Zero foundation “machine learning” self study notes | Note7: logical regression

Zero foundation


Write in front

This series is my personal notes when I taught myself [machine learning]. There may be many mistakes in the learning process. I hope all readers will give me some advice. This series is based onTeacher Wu Enda’s [“machine learning” course]As the key link, supplemented byHuang Haiguang’s [personal notes of Stanford University 2014 machine learning course (v5.51)], relevant mathematical knowledge will be interspersed in the middle.

logistic regression

7.1 classification issues

Logistic regression is a machine learning method used to solve the binary classification (0 or 1) problem, which is used to estimate the possibility of something.

Add dependent variable(dependent variable)The two classes that may belong to are called negative classes(negative class)And forward class(positive class), then the dependent variableWhere 0 represents a negative class and 1 represents a positive class.

Zero foundation


If we want to use linear regression algorithm to solve a classification problem, it is assumed that the output value of the function may be much greater than 1 or much less than 0. However, the property of logistic regression algorithm is: itsThe output value is always between 0 and 1.

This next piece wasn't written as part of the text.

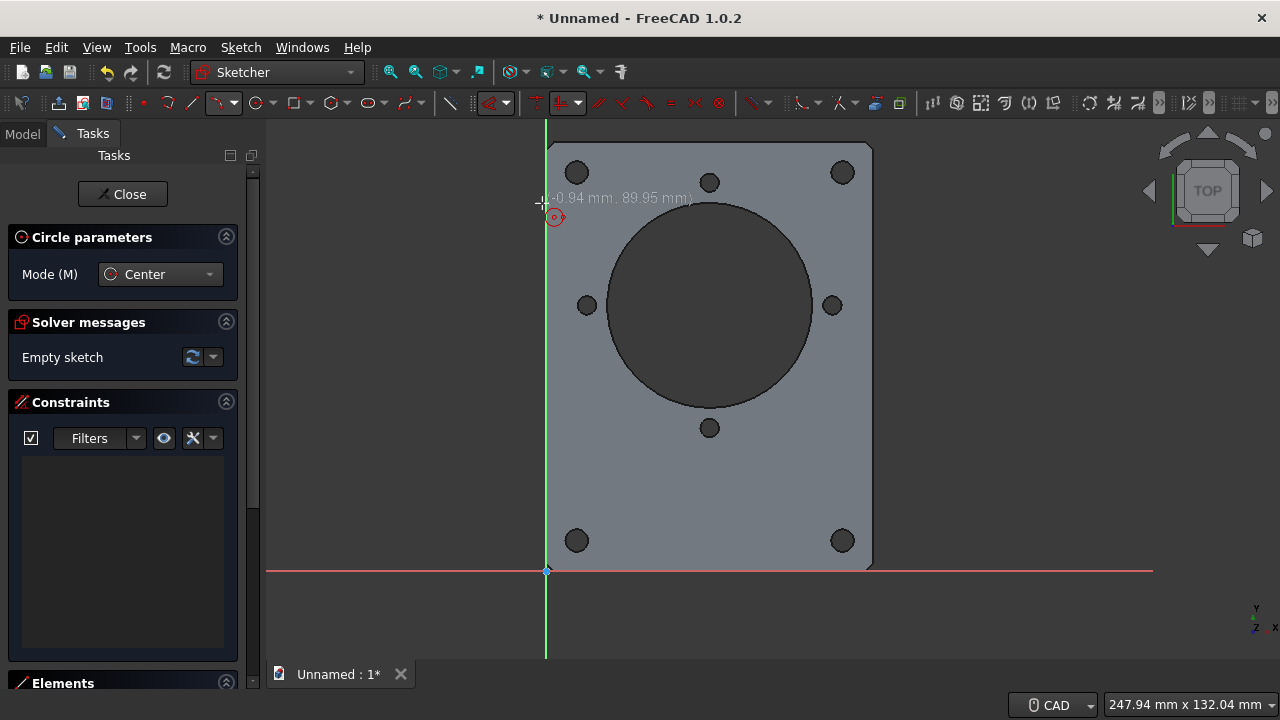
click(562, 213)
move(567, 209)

Logistic regression algorithm is a classification algorithm, we use it as a classification algorithm. Sometimes you may be confused by the “regression” in the name of this algorithm, but the logical regression algorithm is actually a classification algorithm, which is applicable to the case where the value of label y is discrete, such as 1 0 1.

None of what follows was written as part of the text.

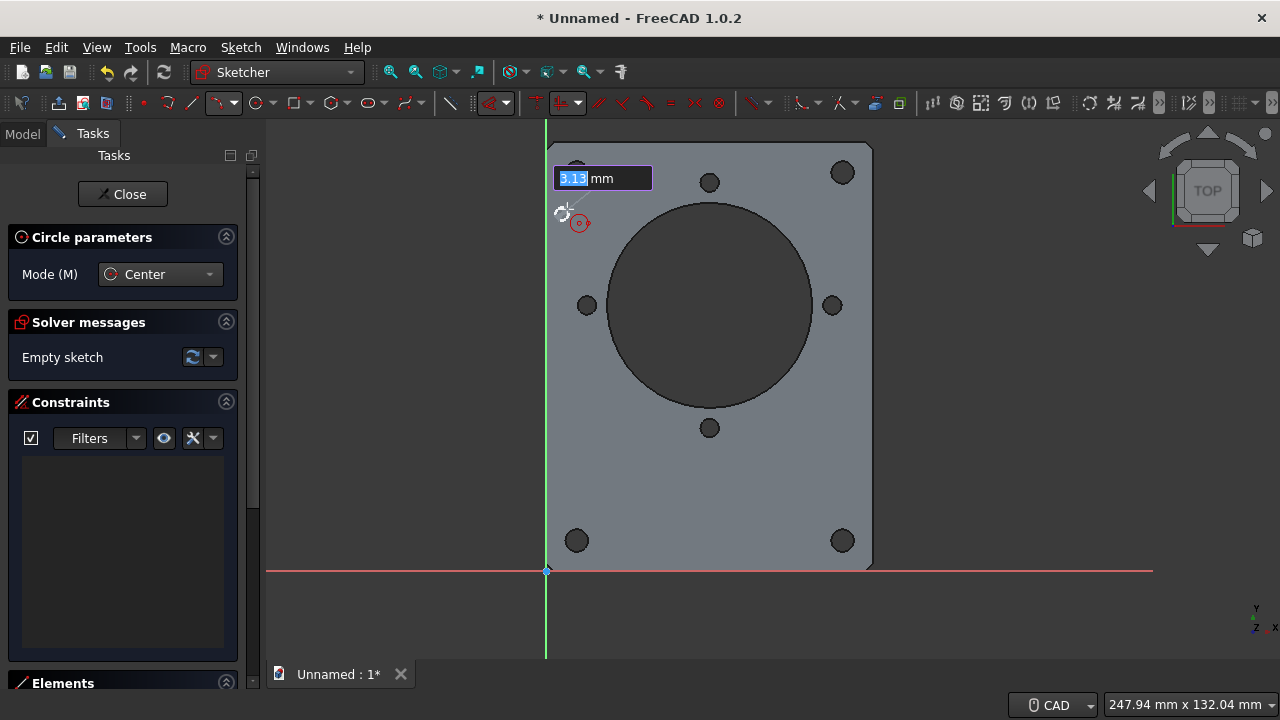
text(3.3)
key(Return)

7.2 hypothesis representation

Looking back at the classification of breast cancer mentioned at the beginning, we can use linear regression to find out a straight line suitable for data.

Zero foundation


According to the linear regression model, we can only predict continuous values. However, for the classification problem, we need to output 0 or 1. We can predict:

WhenWhen forecasting

WhenWhen forecasting

For the data shown in the figure above, such a linear model seems to be able to complete the classification task well. If we observe a very large malignant tumor and add it to our training set as an example, we will get a new straight line.

Zero foundation


At this time, it is not appropriate to use 0.5 as the threshold to predict whether the tumor is benign or malignant. It can be seen that the linear regression model is not suitable to solve such a problem because its predicted value can exceed the range of [0,1].

We introduce a new model, logistic regression, whose output variables always range between 0 and 1.
The assumptions of the logistic regression model are:

Of which:

Representative eigenvector

Representative logic function(logistic function)Is a commonly used logic function forSShape function(Sigmoid function), the formula is:

The image of this function is:

[picture upload failed… (image-2e9344-1615636504740)]. PNG)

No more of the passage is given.